For those of you using browsers not supporting anchor tags, here is the code inline:


class SourceModifierParserPlugin extends AntlrParserPlugin {
Reduction parseCST(SourceUnit sourceUnit, Reader reader) throws CompilationFailedException {
def text = addCommas(reader.text)
StringReader stringReader = new StringReader(text)
super.parseCST(sourceUnit, stringReader)
}
}

def parserPluginFactory = new ParserPluginFactory() {
ParserPlugin createParserPlugin() {
new SourceModifierParserPlugin()
}
}

def conf = new CompilerConfiguration(pluginFactory: parserPluginFactory)
def binding = ...
def shell = new GroovyShell(binding, conf)

And once you have a GroovyShell you can evaluate the world! Including the pseudo-easyb script from the beginning of the post. It runs with no problems... missing commas and all.

ANTLR plugins have been around Groovy for a long time, and this example is based off of Guillaume Laforge's famous Groovy Web Console Script #3. There is nothing particularly hard about writing an ANTLR plugin, but there might be something difficult with maintaining it. DSLs come with a host of issues including versioning. If you create an external DSL then you've published a language. It's fun at first but not so much later.
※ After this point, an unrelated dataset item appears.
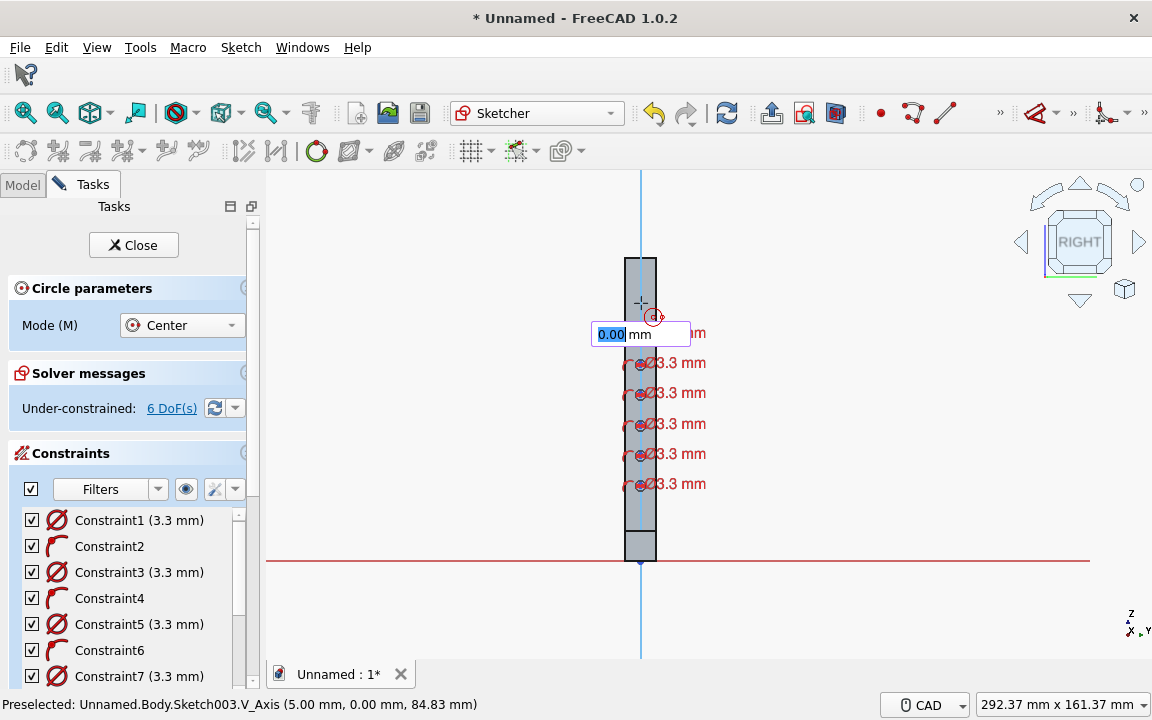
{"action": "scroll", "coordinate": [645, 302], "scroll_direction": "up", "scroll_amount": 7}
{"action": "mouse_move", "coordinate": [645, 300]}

And there you have it. No more of those despicable commas! Now we just need to do something about those dispicable DSLs.

4 comments:

Unknown said...

That's a pretty nice trick.

You could probably write your own ANTLR grammar (instead of regex) to create an entire external DSL independent of any Groovy syntax that merely produces actual groovy code that gets passed along to the rest of the pipeline.

Hamlet D'Arcy said...

hmmm... that is good advice. i guess it is time to go get an ANTLR book, which sort of doesn't sound fun.

Unknown said...

Hamlet, have you looked at Terence Parr's latest book, Language Implementation Patterns: Create Your Own Domain-Specific and General Programming Languages? I'm only slooowly making my way through it, but it appears to include a gentler ease-in to ANTLR than his definitive reference, with practical ANTLR recipes for just this sort of use case. I strongly suspect you would find it valuable.

Hamlet D'Arcy said...

I just saw this book for the first time last week and bookmarked the site. I'll definitely have to go out and get it now.